Page last updated at 15:08 GMT, Wednesday, 24 February 2010

Campaign tackles invasive plants

Water primrose [Pic: Trevor Renals]
Species like water primrose have been blamed for choking waterways

Gardeners across Scotland have been asked to help stop the spread of invasive plants.

The Be Plant Wise campaign aims to highlight the problems caused when invasive aquatic species are released in the wild.

Plants such as New Zealand pigmyweed, fairy fern and parrot's feather have caused problems across Scotland.

They can outgrow native plants, choke waterways, disrupt angling and boating and can also exacerbate flooding.

It is feared the cost of clearing these plants could run into millions of pounds if they expand at their current rate.

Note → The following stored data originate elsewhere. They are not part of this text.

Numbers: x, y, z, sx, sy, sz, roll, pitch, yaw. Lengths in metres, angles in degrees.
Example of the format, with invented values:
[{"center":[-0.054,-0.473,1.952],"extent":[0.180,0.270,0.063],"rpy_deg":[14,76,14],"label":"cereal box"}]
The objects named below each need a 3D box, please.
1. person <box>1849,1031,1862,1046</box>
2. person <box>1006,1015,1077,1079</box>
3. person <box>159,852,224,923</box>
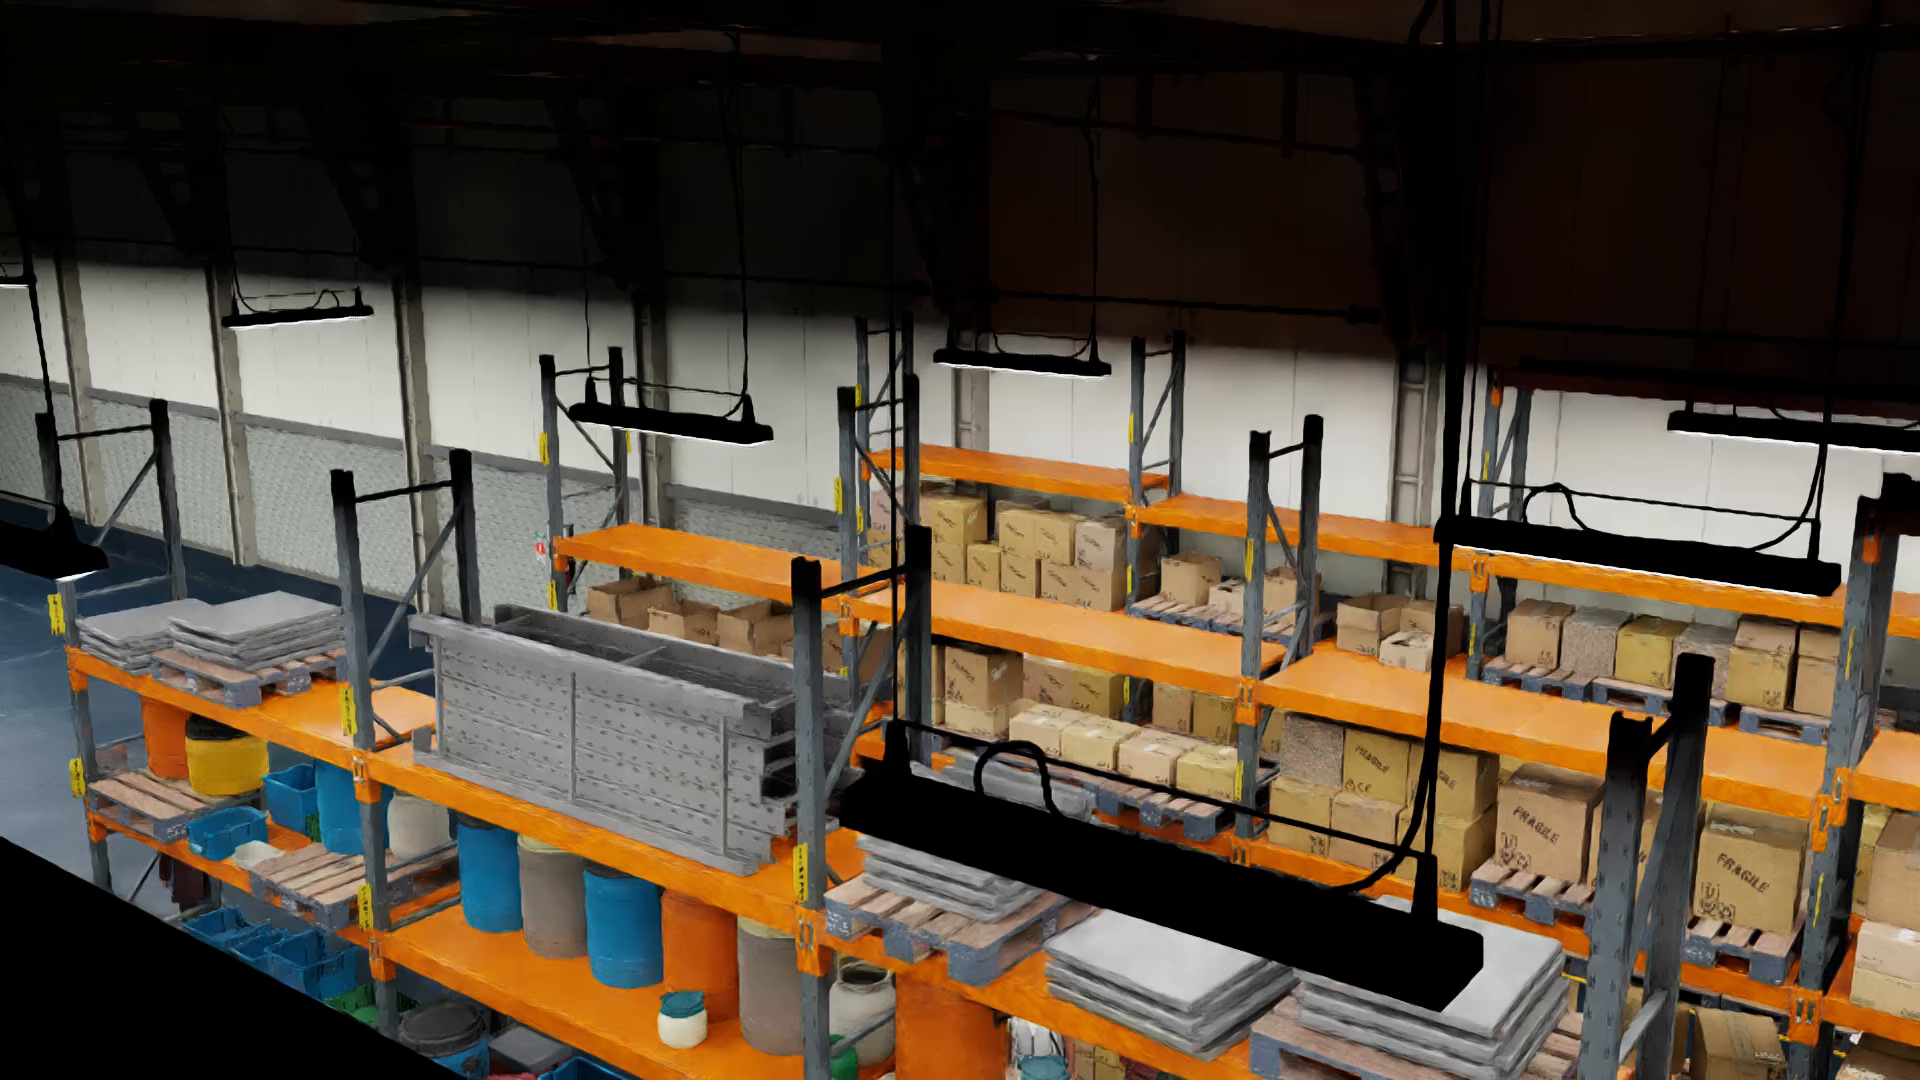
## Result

Environment Minister Roseanna Cunningham launched the campaign at a garden centre in Midlothian, alongside gardening expert Pete Jackson.

'Real threat'

They urged the public to be responsible gardeners by keeping their ponds under control, ensuring invasive plants do not escape to the wild and to dispose of unwanted plants carefully.

Ms Cunningham said: "Invasive aquatic plants have the potential to cause huge problems to Scotland's environment as well as threatening our enjoyment of it.

"We all know about the very real threat to our native wildlife from grey squirrels and American signal crayfish but little is known about the threat posed by invasive aquatic plants.

"By being responsible gardeners, we can all help to protect our waterways and wildlife as well as helping to reduce the growing costs of dealing with these plants."